Jake Wallis Simons Jake Wallis Simons

How London became a hub for Hamas

(Photo: Getty)

As the dust settles over Gaza, and Israel’s Iron Dome sensors cool, minds inevitably turn to the lessons that can be learned from the 11-day conflict that cost hundreds of lives.

Foreign Secretary Dominic Raab, the American secretary of state Antony Blinken, and other international dignitaries have visited the region and offered their carefully calibrated support for ‘both sides’ delivering high-handed lectures on the ethics of asymmetric warfare in densely populated urban sprawl.

Sadly, however, the British government has become part of the problem. It may have deep military and security ties to the Jewish state, but there lurks an elephant in the room. London itself has been allowed to become one of the world’s most important Hamas hubs.

For years, Whitehall has looked the other way while NGOs allegedly linked to Hamas raise millions of pounds a year, which (according to Israeli intelligence) is funnelled into the terror group’s coffers. In other words, these are British pounds raining down on the heads of Israeli civilians in the form of lethal rockets. And nothing is being done about it.

This week, the Board of Deputies – British Jewry’s main representative body – held an emergency meeting with the Prime Minister, at which it called for Hamas’ political wing to be banned in Britain.

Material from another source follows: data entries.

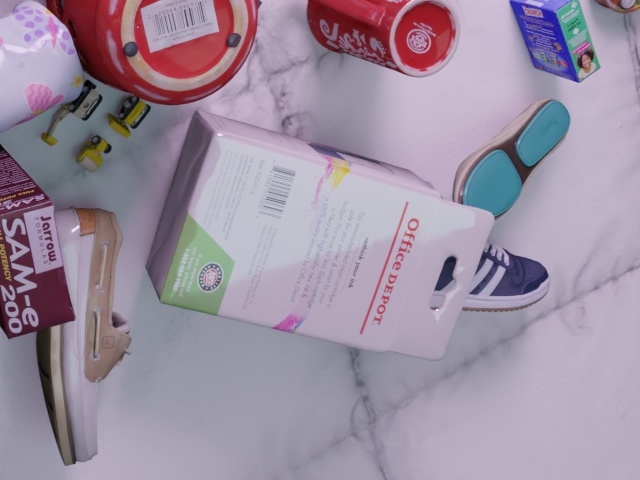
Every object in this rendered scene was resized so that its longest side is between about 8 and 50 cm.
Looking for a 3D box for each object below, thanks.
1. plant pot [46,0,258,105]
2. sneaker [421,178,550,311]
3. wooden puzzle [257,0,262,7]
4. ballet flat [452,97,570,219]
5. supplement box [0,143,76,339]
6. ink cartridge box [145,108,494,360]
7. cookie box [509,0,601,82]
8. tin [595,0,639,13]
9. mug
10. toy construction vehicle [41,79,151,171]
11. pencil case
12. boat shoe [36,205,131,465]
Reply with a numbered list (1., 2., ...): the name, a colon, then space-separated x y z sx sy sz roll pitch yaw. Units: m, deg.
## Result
1. plant pot: -0.167 -0.232 1.383 0.191 0.174 0.191 -11 116 -23
2. sneaker: 0.186 0.005 1.733 0.282 0.099 0.153 -1 112 -27
3. wooden puzzle: -0.103 -0.266 1.509 0.083 0.006 0.049 4 108 -31
4. ballet flat: 0.223 -0.093 1.694 0.248 0.086 0.086 -40 127 -35
5. supplement box: -0.321 -0.013 1.346 0.073 0.239 0.130 -18 118 -23
6. ink cartridge box: 0.000 0.000 1.569 0.353 0.119 0.207 15 103 -20
7. cookie box: 0.292 -0.258 1.689 0.040 0.092 0.107 -37 124 -15
8. tin: 0.390 -0.386 1.727 0.106 0.040 0.190 -11 115 -22
9. mug: 0.057 -0.242 1.512 0.150 0.169 0.113 -14 117 -25
10. toy construction vehicle: -0.246 -0.130 1.472 0.098 0.035 0.086 -53 136 3
11. pencil case: -0.361 -0.130 1.314 0.273 0.124 0.113 -36 88 -30
12. boat shoe: -0.261 0.110 1.510 0.103 0.113 0.302 -9 114 -21
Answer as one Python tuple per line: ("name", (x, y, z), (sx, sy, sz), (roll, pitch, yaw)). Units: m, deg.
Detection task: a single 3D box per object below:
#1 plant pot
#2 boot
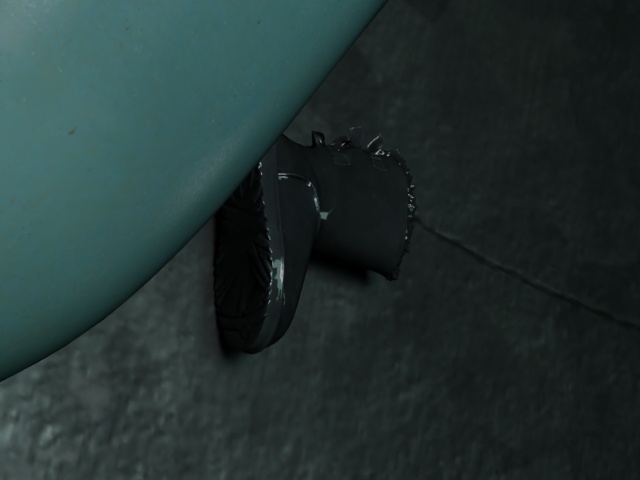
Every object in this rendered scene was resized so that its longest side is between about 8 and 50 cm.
("plant pot", (-0.146, -0.087, 0.620), (0.293, 0.293, 0.235), (40, 69, -21))
("boot", (0.000, 0.000, 0.853), (0.099, 0.045, 0.121), (13, 66, -38))
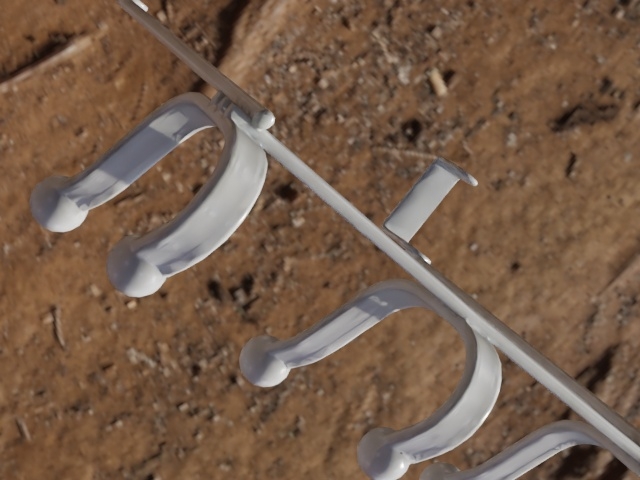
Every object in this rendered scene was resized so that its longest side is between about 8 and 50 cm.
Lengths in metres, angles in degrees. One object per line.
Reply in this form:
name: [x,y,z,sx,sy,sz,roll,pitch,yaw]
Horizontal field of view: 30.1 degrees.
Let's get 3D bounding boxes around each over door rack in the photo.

At present only the military wing of Hamas is proscribed by the UK government. Boris Johnson offered warm words but nothing concrete.

This is not a distant problem, confined to a small triangle of land in the Middle East

In an exclusive interview this week with the Culture Secretary Oliver Dowden, the Jewish Chronicle asked him the same question. Dowden responded by passing the buck to the Home Office (though he pointed out that he had pressed for Hezbollah to be proscribed in its entirety when he was a backbencher).

For all these good intentions, more urgency is required.